Some recently developed anticancer drugs appear to be a major advance. In metastatic malignant melanoma a number of new immune checkpoint inhibitors have created excitement and hope in a disease for which there was previously no effective treatment.1 One magazine hailed them as ‘the most revolutionary cancer treatment in decades’.2 These targeted drugs are likely to have a major impact on the treatment outcomes for other advanced incurable cancers too, but they are very expensive.

In practice, many of the earlier targeted cancer drugs have turned out to be disappointing. They are only suitable for a limited number of patients, and only add, on average, a few months of survival.3

The clinical trials of new anticancer drugs use highly selected patients and the reported outcomes do not relate to the general community that we treat daily.4 For the benefits these drugs deliver, the costs seem excessive.5,6 How are we to determine which new drugs are cost-effective and how do we pay for the ones that are?

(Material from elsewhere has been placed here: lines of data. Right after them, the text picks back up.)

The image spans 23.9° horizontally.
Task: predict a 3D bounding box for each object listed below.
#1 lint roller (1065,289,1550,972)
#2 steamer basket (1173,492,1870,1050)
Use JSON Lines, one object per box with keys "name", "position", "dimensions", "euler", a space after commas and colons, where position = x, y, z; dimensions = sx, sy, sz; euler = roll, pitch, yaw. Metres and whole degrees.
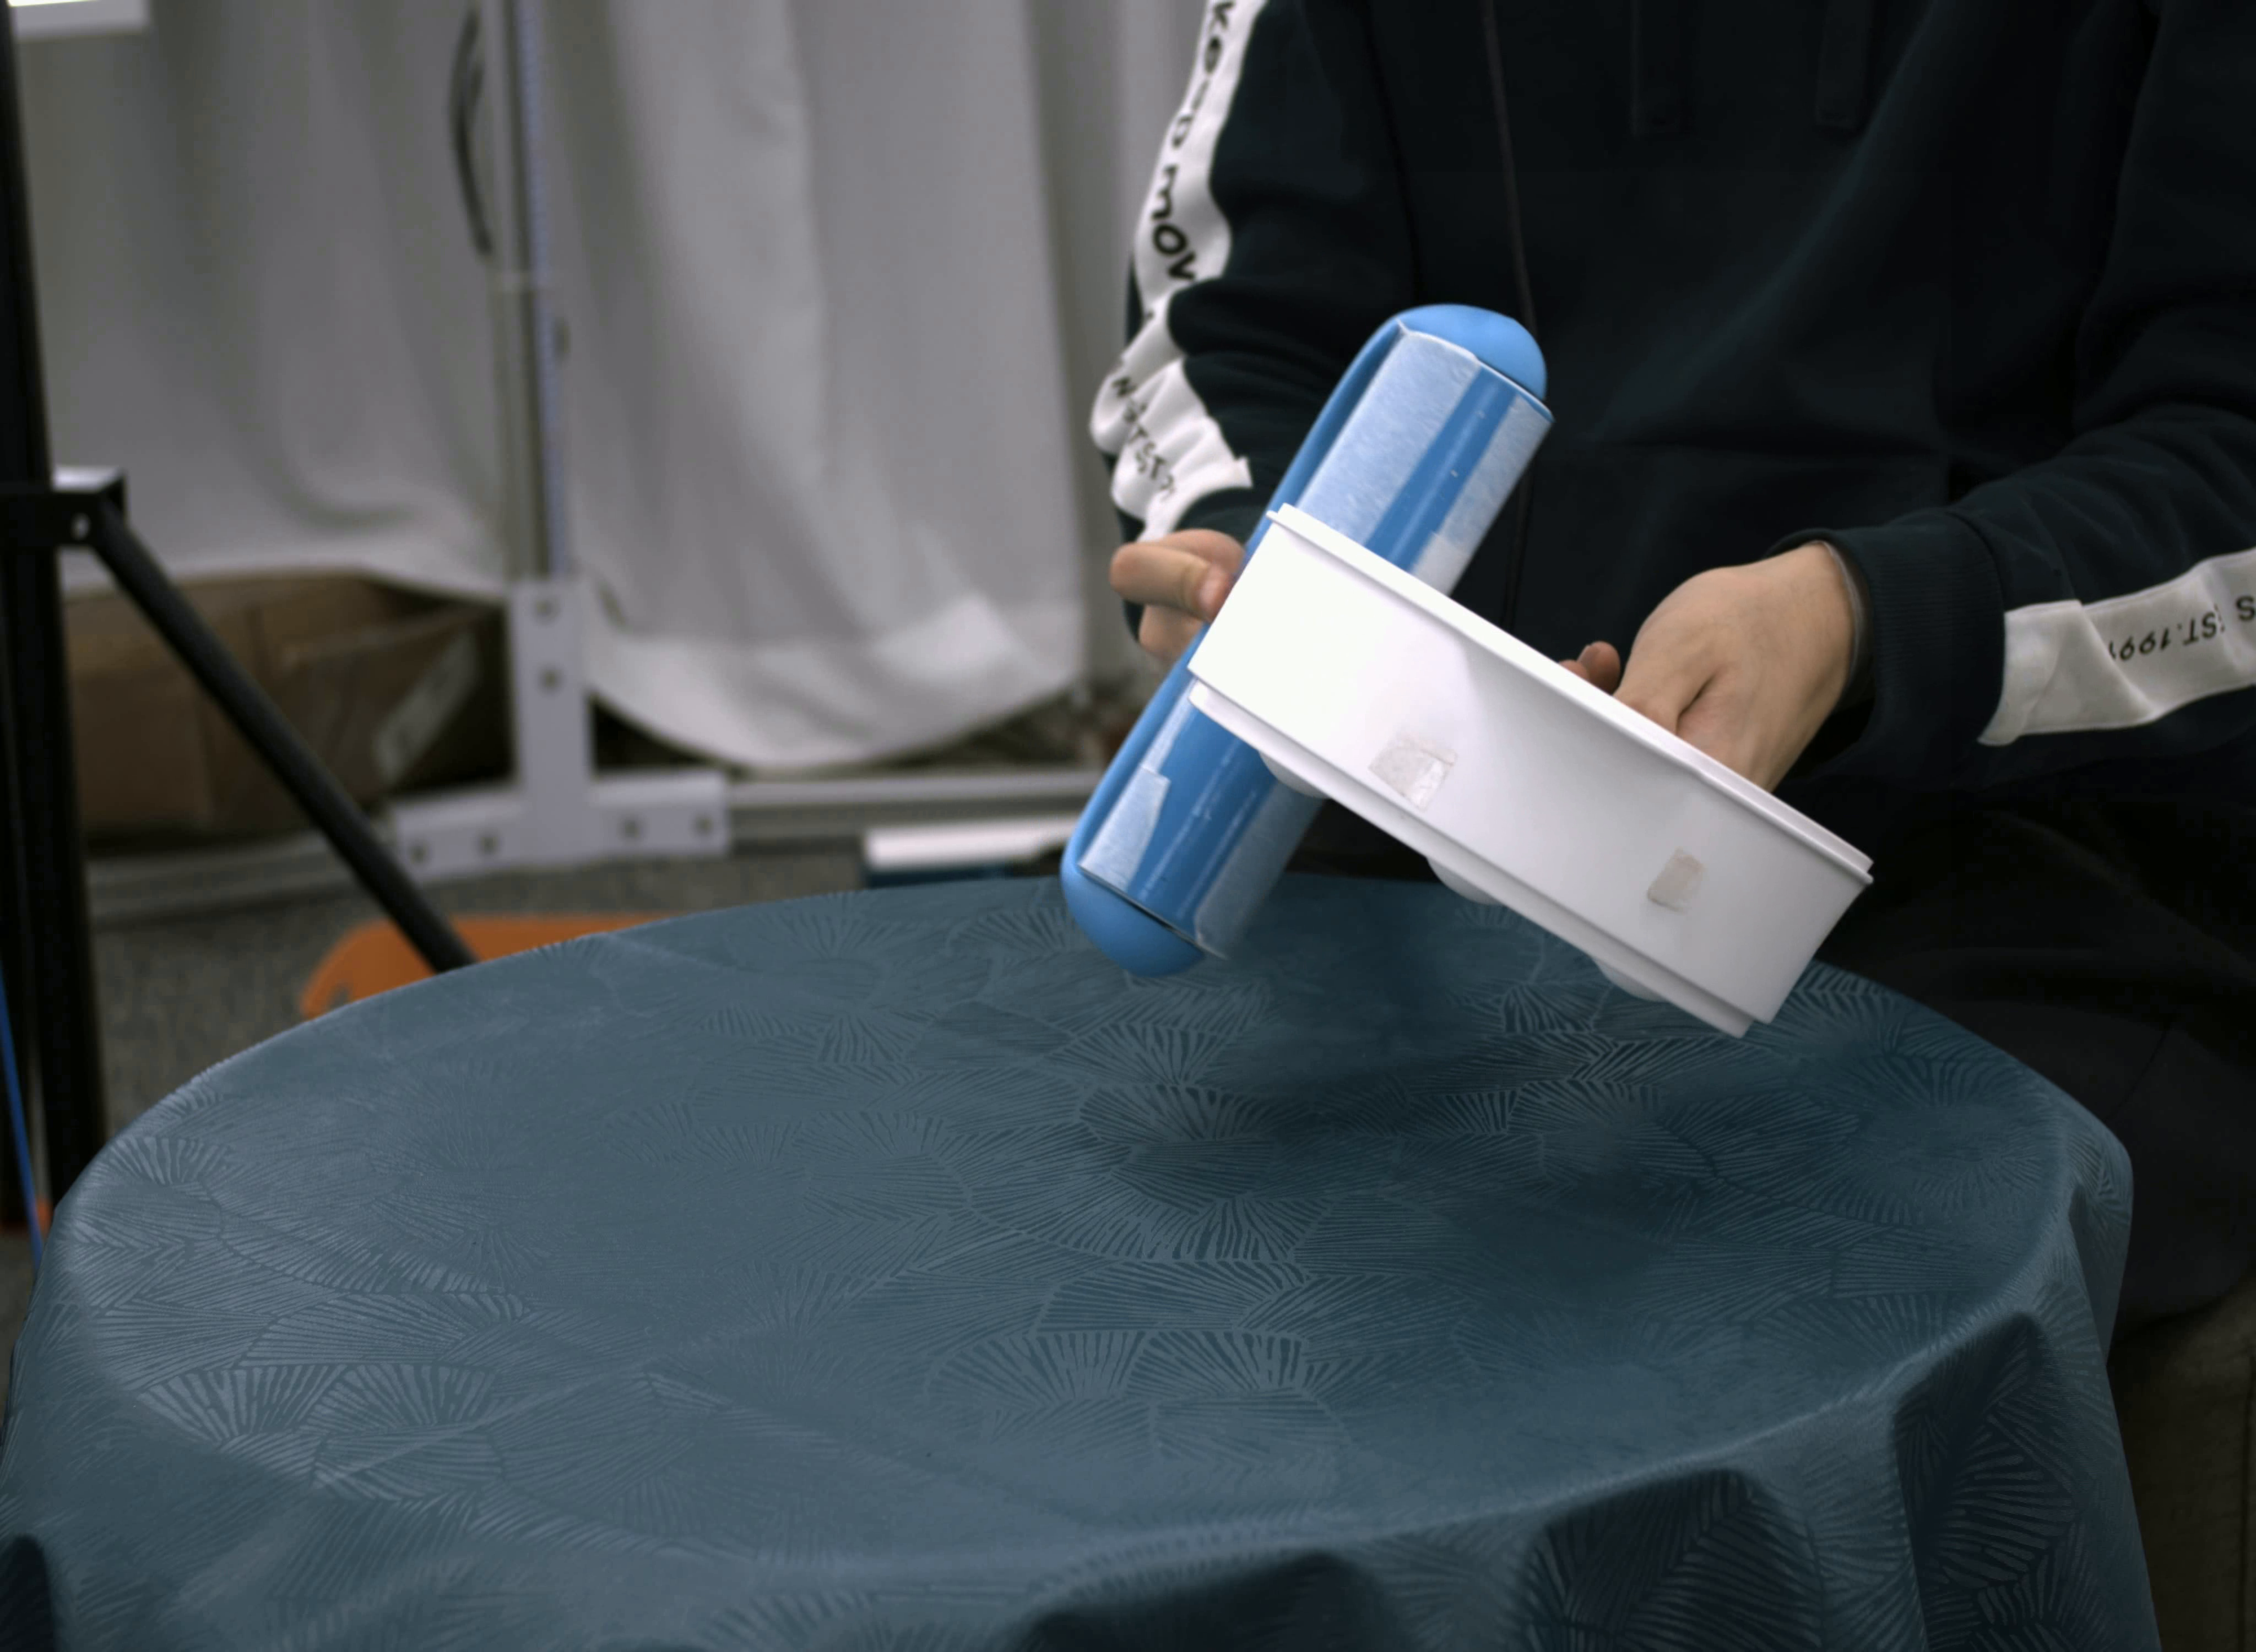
{"name": "lint roller", "position": [0.054, -0.054, 1.659], "dimensions": [0.068, 0.229, 0.180], "euler": [29, -5, 1]}
{"name": "steamer basket", "position": [0.109, -0.012, 1.493], "dimensions": [0.202, 0.069, 0.230], "euler": [33, 2, 2]}

Among patients with incurable metastatic melanoma 40–60% have BRAF V600 mutations and can be treated indefinitely with oral dabrafenib plus trametinib. The cost to the Pharmaceutical Benefits Scheme (PBS) is $8759 per drug per month ($17 518 per month total). Patients can then be started on an immune checkpoint inhibitor, such as pembrolizumab indefinitely at 2 mg/kg every three weeks, at a cost to the PBS of $8000 or more every three weeks, or $136 000 per year. These treatments may continue for years. Then patients can be given the cytotoxic immune modulator ipilimumab for a cost of $130 000 per course of four injections, which can be repeated if appropriate. These drugs can cost more than $500 000 per patient. None of these treatments are curative and on average they only prolong progression-free survival or overall survival by months, although some patients who would otherwise have died can have enduring benefit for years. There is no predictive biomarker for benefit from pembrolizumab or ipilimumab.

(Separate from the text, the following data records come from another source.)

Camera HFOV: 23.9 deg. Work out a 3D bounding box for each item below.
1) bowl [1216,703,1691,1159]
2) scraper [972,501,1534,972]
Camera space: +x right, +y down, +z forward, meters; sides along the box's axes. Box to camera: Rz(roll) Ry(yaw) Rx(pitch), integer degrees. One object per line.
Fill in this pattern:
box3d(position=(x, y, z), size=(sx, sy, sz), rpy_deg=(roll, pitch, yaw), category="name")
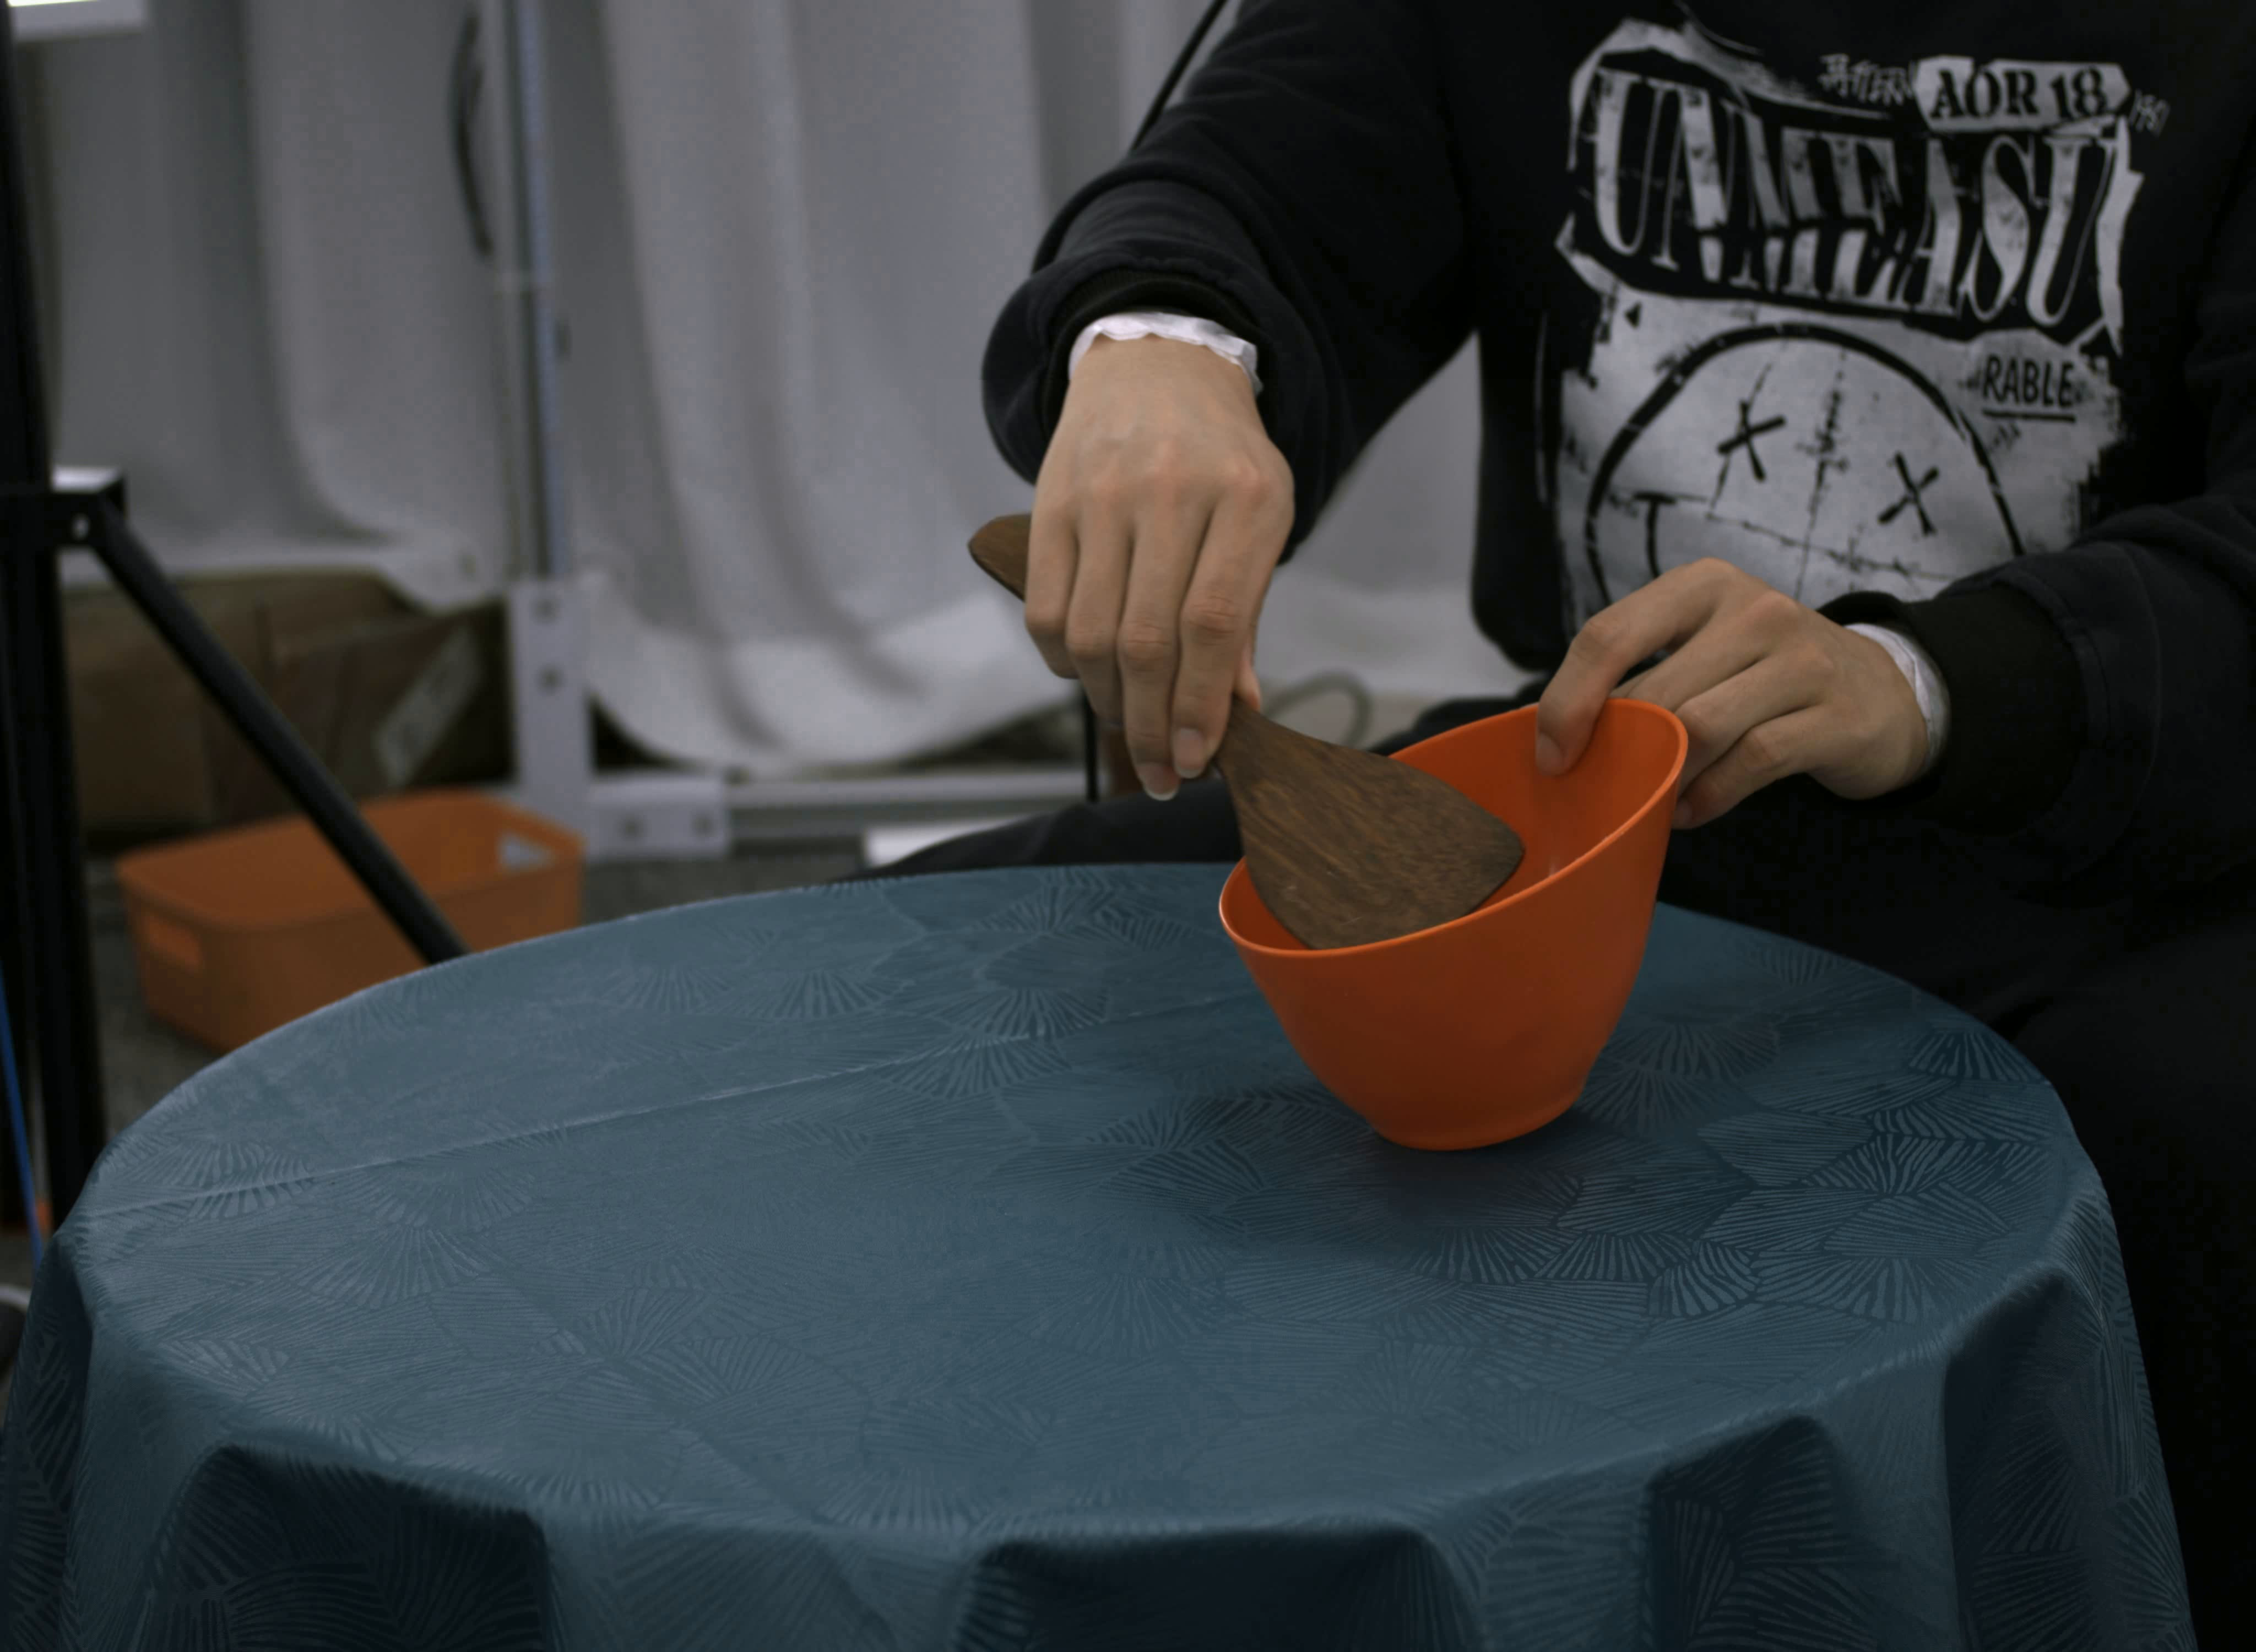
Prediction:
box3d(position=(0.104, 0.038, 1.579), size=(0.148, 0.104, 0.149), rpy_deg=(-13, 23, 4), category="bowl")
box3d(position=(0.028, -0.032, 1.586), size=(0.075, 0.011, 0.215), rpy_deg=(-33, 57, -23), category="scraper")

Looking at cancer therapies approved by the US Food and Drug Administration (FDA) for solid tumours between 2002 and 2012, the prolongation in median overall survival was only 2.16 months.7 Of the 12 anticancer drugs approved by the FDA in 2012 alone, only three prolonged survival, two of them by less than two months. Yet nine were priced at more than $US10 000 per month.8

In metastatic colon cancer, the vascular endothelial growth factor (VEGF) inhibitor bevacizumab is used in many protocols. In Australia it costs up to $8000 per month and can be used indefinitely, but only increases average survival by 0.9 months.

In 2015 a group of experts from the European Society for Medical Oncology said that many modern cancer drugs were of very little benefit to patients. They published a scoring system, unconnected with cost, that showed many drugs did not extend or improve people’s lives for very long.9

To address the cost of anticancer drugs there is a role for individual patients, organisations and physicians to advocate for greater access to, and fairer prices for, effective new therapies. The doctrine of justum pretium, or just price, refers to the ‘fair value’ of commodities. In deciding the relationship between price and worth (or value), the doctrine advocates that, by moral necessity, price must reflect worth. This differs from the function of free-market economies where prices reflect ‘what the market bears’, or what buyers are willing to pay.

Some European countries are achieving comparable or superior outcomes with less outlay by considering best practice and assessing cost-effectiveness.10-12 Many governments like Australia’s are already using health-technology measurements for resource allocation. These often use cost-effectiveness thresholds like the National Institute for Health and Care Excellence in the UK which uses £20 000–30 000 per quality-adjusted year of life saved. Treatments exceeding this threshold are unlikely to be funded.

In the UK, setting thresholds has led to challenges from cancer groups. The subsequent publicity, threatened legal action and political pressure meant that major decisions not to fund two new targeted cancer drugs, trastuzumab and imatinib, were reversed. Consequently, the UK Government set up the Cancer Drugs Fund in 2010 and extended it to March 2016.10,13 Despite a lifetime budget of £1.27 billion, it overspent its budget for 2014–15 alone by 35%. It was announced in 2016 that funding will continue but will be capped at £340 million annually. The Canadian province of Ontario developed the publicly funded Ontario Public Drug Programs in 1995.14,15 However, a growing number of high profile cases of media and political pressure have also influenced drug approvals in the province.10

If we are going to consider similar government programs to maintain equitable access to expensive new cancer drugs in Australia, all physicians and scientists should insist on greater transparency of the data concerning these new drugs. As the immediate past Chair of the Pharmaceutical Benefits Advisory Committee Dr Suzanne Hill says, it no longer seems appropriate for all the data supporting government funding of these very expensive drugs to remain commercial-in-confidence. She also says it is not appropriate to not collect publicly accessible de-identified data on outcomes for all patients who receive these drugs.16

Finally, we will need public debate about such targeted funding, about reducing unnecessary health expenditure elsewhere and about possibly increasing taxation.